#### Provided data

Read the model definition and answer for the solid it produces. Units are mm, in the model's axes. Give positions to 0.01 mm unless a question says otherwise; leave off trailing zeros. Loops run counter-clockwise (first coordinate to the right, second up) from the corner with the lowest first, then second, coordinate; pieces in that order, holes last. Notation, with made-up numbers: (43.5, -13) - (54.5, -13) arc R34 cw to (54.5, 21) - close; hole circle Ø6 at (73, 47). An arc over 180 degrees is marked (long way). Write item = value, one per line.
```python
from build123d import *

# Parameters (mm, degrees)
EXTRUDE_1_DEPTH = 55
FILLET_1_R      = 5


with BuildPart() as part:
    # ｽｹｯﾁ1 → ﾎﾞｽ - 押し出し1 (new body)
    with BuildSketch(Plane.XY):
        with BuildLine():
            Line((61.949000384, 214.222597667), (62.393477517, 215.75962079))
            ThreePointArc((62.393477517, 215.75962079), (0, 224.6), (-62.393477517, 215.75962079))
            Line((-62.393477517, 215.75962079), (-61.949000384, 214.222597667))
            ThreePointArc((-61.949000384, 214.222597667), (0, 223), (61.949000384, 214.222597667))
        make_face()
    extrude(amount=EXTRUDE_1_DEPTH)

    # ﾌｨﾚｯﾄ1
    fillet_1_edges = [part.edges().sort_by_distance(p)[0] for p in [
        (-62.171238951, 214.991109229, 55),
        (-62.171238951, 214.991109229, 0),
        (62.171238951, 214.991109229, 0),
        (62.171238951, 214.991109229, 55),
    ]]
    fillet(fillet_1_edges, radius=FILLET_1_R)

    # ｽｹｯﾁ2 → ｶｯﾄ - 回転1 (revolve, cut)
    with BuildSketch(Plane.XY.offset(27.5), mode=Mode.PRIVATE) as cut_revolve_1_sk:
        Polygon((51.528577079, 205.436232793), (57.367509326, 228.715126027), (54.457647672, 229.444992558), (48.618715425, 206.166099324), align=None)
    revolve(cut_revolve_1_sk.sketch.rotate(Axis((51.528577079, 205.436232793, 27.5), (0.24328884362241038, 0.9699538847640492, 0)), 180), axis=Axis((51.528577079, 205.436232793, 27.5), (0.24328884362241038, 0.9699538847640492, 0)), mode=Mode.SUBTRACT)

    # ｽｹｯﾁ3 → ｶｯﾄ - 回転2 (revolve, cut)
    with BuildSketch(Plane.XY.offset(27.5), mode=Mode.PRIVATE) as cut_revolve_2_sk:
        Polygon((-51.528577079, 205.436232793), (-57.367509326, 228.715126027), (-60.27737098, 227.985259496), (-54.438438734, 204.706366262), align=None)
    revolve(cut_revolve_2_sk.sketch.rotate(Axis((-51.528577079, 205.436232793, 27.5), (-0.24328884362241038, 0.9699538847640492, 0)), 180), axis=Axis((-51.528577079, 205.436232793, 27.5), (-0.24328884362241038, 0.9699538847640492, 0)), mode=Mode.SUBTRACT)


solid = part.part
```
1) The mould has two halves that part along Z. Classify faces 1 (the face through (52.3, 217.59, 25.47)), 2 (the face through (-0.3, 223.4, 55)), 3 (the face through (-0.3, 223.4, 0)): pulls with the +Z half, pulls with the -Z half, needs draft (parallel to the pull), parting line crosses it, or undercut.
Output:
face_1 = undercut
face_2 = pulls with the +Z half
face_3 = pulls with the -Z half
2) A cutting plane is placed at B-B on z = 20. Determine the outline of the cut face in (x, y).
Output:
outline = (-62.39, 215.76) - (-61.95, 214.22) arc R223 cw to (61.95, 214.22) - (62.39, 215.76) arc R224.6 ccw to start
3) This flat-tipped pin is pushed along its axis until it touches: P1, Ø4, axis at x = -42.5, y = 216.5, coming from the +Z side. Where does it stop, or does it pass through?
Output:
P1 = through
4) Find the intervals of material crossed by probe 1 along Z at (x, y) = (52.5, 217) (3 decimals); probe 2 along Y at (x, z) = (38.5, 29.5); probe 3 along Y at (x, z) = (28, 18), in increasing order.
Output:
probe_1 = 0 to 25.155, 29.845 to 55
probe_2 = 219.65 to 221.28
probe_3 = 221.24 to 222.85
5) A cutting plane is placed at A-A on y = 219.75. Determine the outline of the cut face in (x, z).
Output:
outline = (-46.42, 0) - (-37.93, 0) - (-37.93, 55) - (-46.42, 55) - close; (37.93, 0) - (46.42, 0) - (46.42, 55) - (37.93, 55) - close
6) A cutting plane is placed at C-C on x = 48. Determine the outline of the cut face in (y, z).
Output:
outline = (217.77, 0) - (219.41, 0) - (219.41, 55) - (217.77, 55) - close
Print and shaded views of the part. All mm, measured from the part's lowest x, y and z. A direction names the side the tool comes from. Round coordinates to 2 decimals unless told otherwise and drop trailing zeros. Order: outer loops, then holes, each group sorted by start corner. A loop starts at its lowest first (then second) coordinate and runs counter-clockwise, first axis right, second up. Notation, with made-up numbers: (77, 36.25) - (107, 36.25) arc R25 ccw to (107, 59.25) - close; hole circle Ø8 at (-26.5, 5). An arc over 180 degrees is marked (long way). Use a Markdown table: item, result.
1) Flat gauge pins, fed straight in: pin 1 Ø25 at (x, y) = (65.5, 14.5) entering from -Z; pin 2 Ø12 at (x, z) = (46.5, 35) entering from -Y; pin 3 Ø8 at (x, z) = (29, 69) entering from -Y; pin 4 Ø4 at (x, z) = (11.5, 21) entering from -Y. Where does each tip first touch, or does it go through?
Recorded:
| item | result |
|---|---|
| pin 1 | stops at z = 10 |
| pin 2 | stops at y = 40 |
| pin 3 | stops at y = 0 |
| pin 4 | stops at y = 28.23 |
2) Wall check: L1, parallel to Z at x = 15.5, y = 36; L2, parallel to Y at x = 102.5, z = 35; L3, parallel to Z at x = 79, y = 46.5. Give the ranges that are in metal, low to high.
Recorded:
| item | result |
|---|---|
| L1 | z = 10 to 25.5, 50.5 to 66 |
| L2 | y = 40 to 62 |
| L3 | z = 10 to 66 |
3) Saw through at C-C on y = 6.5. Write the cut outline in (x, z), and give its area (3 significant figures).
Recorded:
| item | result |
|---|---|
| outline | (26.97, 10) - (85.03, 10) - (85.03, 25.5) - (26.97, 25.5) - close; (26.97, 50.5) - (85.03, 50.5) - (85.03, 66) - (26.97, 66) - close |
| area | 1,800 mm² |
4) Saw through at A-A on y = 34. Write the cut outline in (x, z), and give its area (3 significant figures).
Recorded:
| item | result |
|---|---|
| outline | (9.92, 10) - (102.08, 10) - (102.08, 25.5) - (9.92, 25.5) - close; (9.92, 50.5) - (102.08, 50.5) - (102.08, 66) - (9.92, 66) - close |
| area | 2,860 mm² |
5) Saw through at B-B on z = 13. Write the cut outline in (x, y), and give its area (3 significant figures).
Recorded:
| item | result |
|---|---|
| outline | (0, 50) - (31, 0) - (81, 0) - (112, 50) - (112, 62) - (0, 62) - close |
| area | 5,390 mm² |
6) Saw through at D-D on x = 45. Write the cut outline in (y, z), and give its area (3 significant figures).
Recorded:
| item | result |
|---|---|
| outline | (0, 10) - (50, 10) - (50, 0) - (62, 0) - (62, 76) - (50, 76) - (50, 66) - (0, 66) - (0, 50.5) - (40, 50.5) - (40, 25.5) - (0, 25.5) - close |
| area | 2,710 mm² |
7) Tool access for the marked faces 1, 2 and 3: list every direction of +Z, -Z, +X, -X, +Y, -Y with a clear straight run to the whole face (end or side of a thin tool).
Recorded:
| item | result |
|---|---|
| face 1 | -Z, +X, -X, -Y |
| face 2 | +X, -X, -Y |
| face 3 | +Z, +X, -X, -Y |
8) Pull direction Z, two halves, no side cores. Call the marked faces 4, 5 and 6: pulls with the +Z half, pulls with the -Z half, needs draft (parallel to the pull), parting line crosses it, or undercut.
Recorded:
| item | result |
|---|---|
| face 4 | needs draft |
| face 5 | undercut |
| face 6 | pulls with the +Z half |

#### Directions for this task
Copy each line above that contains the word "from".

#### Solution
Read the model definition and answer for the solid it produces. Units are mm, in the model's axes. Give positions to 0.01 mm unless a question says otherwise; leave off trailing zeros. Loops run counter-clockwise (first coordinate to the right, second up) from the corner with the lowest first, then second, coordinate; pieces in that order, holes last. Notation, with made-up numbers: (43.5, -13) - (54.5, -13) arc R34 cw to (54.5, 21) - close; hole circle Ø6 at (73, 47). An arc over 180 degrees is marked (long way). Write item = value, one per line.
from build123d import *
3) This flat-tipped pin is pushed along its axis until it touches: P1, Ø4, axis at x = -42.5, y = 216.5, coming from the +Z side. Where does it stop, or does it pass through?
Print and shaded views of the part. All mm, measured from the part's lowest x, y and z. A direction names the side the tool comes from. Round coordinates to 2 decimals unless told otherwise and drop trailing zeros. Order: outer loops, then holes, each group sorted by start corner. A loop starts at its lowest first (then second) coordinate and runs counter-clockwise, first axis right, second up. Notation, with made-up numbers: (77, 36.25) - (107, 36.25) arc R25 ccw to (107, 59.25) - close; hole circle Ø8 at (-26.5, 5). An arc over 180 degrees is marked (long way). Use a Markdown table: item, result.
1) Flat gauge pins, fed straight in: pin 1 Ø25 at (x, y) = (65.5, 14.5) entering from -Z; pin 2 Ø12 at (x, z) = (46.5, 35) entering from -Y; pin 3 Ø8 at (x, z) = (29, 69) entering from -Y; pin 4 Ø4 at (x, z) = (11.5, 21) entering from -Y. Where does each tip first touch, or does it go through?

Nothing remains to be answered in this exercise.